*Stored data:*
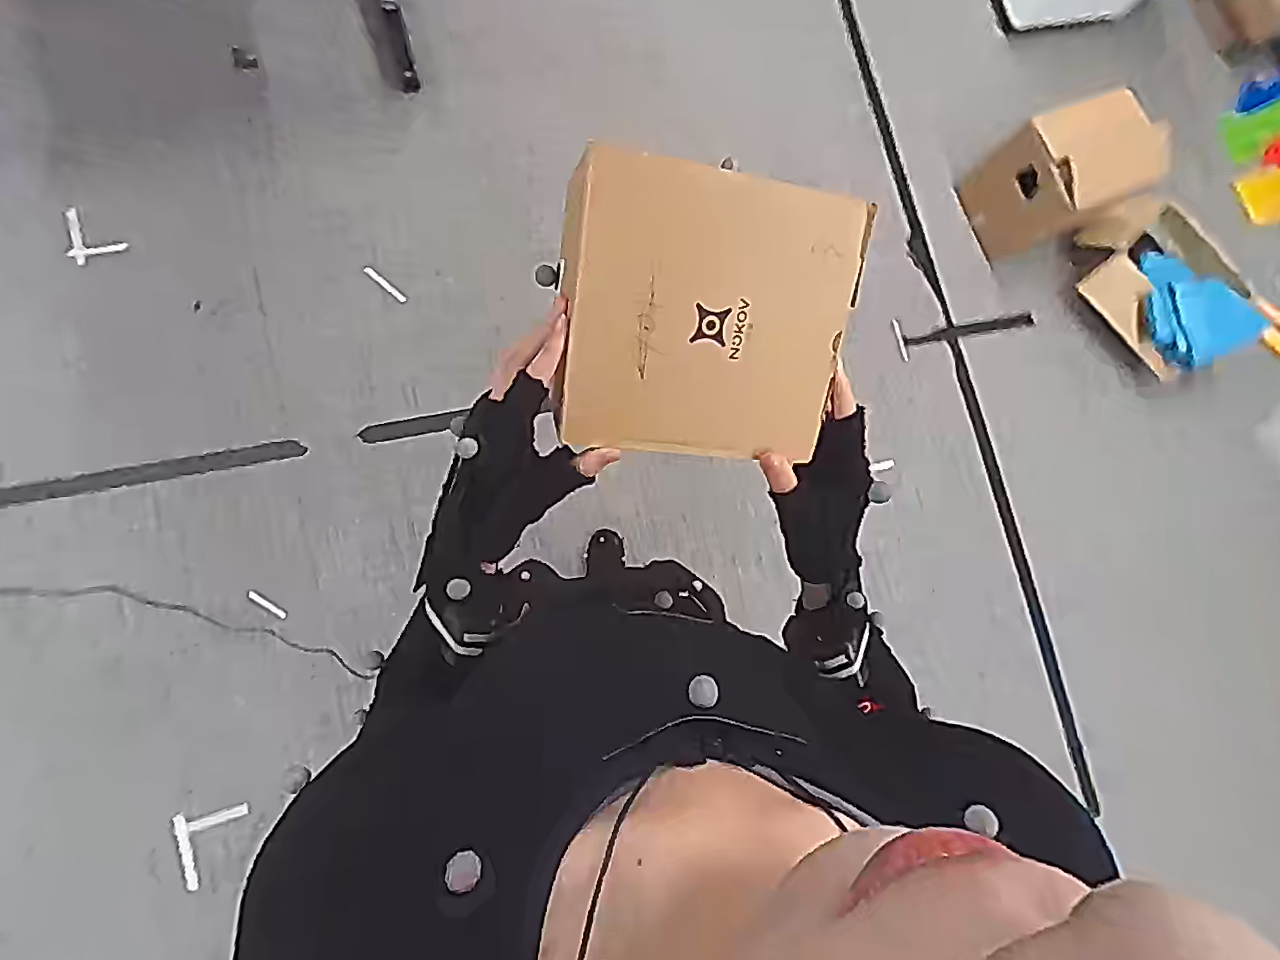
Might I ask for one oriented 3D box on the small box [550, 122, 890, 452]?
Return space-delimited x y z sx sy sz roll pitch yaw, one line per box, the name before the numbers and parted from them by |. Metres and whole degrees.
small box | 0.033 -0.126 0.387 0.179 0.176 0.168 3 109 -13
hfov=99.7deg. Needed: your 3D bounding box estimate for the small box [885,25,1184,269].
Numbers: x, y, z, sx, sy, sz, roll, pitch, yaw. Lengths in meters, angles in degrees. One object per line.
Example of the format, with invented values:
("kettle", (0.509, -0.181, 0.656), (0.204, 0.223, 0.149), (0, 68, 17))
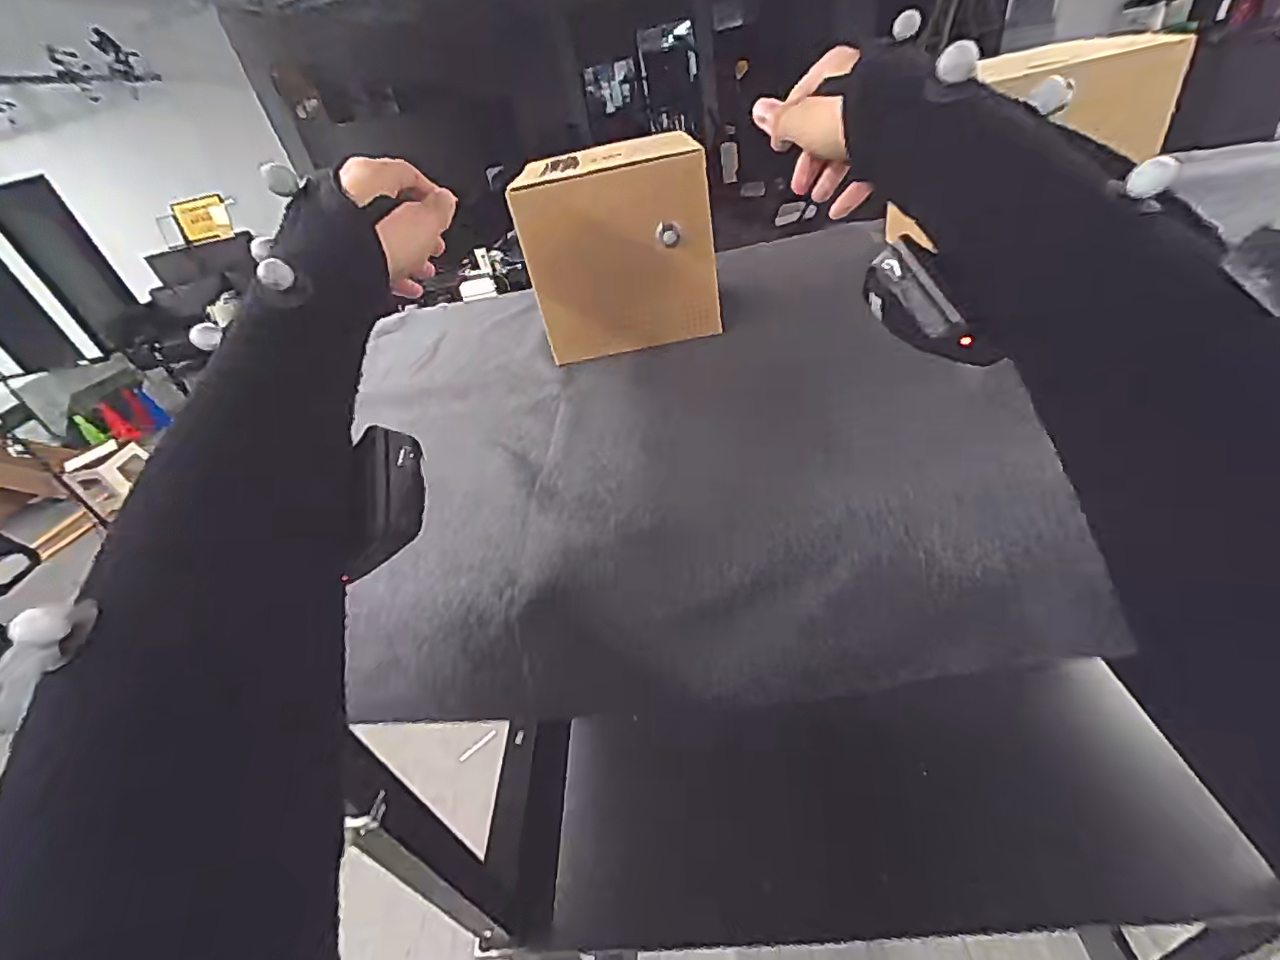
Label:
("small box", (0.365, -0.328, 0.548), (0.168, 0.176, 0.179), (-9, 36, 6))
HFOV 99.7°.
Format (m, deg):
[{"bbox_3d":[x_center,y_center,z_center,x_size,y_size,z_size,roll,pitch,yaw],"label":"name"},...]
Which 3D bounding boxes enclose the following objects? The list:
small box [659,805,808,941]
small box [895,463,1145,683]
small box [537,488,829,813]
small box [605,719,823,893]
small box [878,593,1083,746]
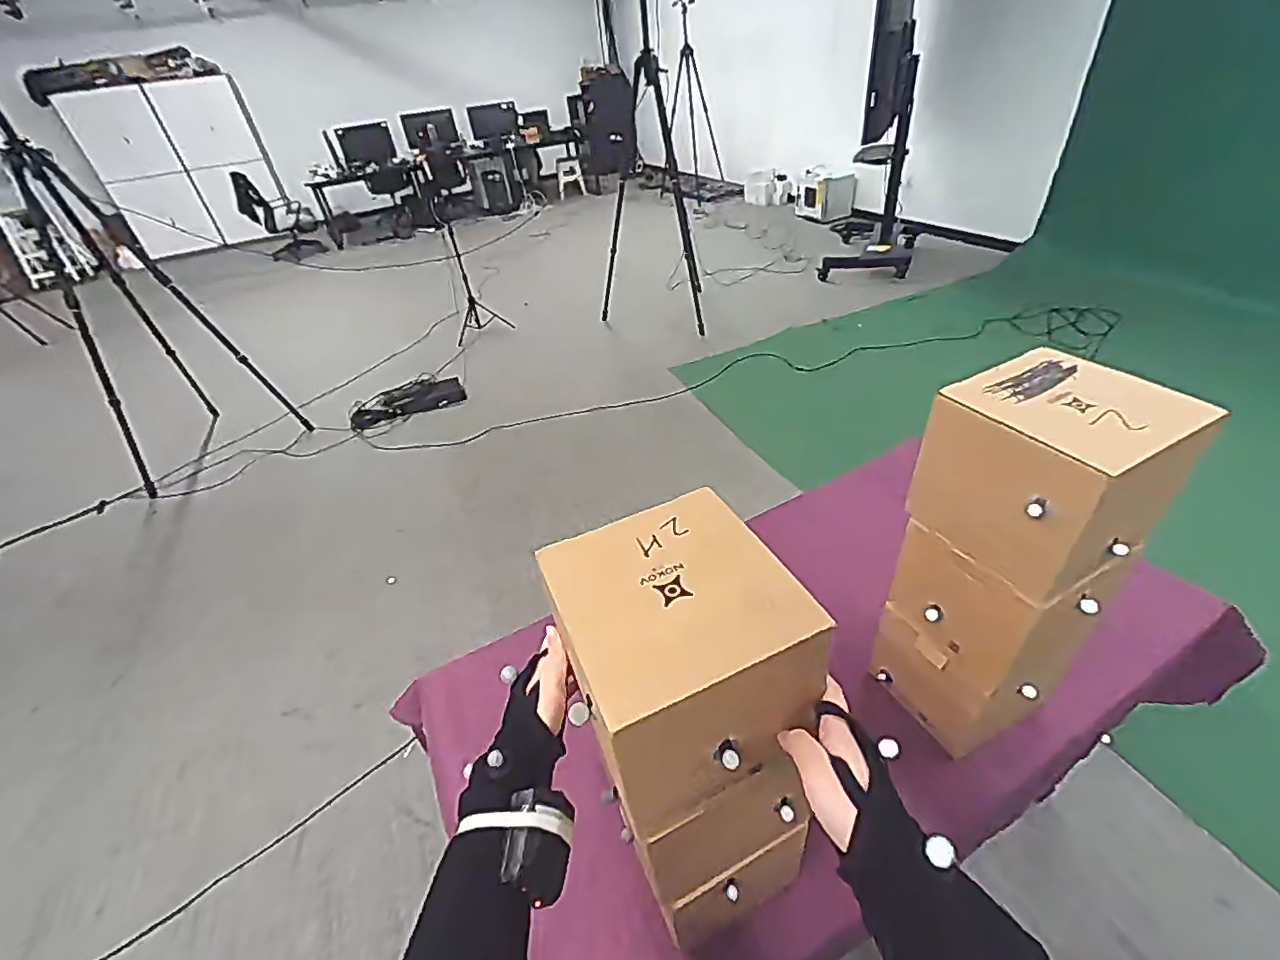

*What to do:* Pictures are to be omitted. The lines from the line holding "small box [895,463,1145,683]" through the closing line of the data above are to be set down exactly, and nothing more.

*Expected answer:*
small box [895,463,1145,683]
small box [537,488,829,813]
small box [605,719,823,893]
small box [878,593,1083,746]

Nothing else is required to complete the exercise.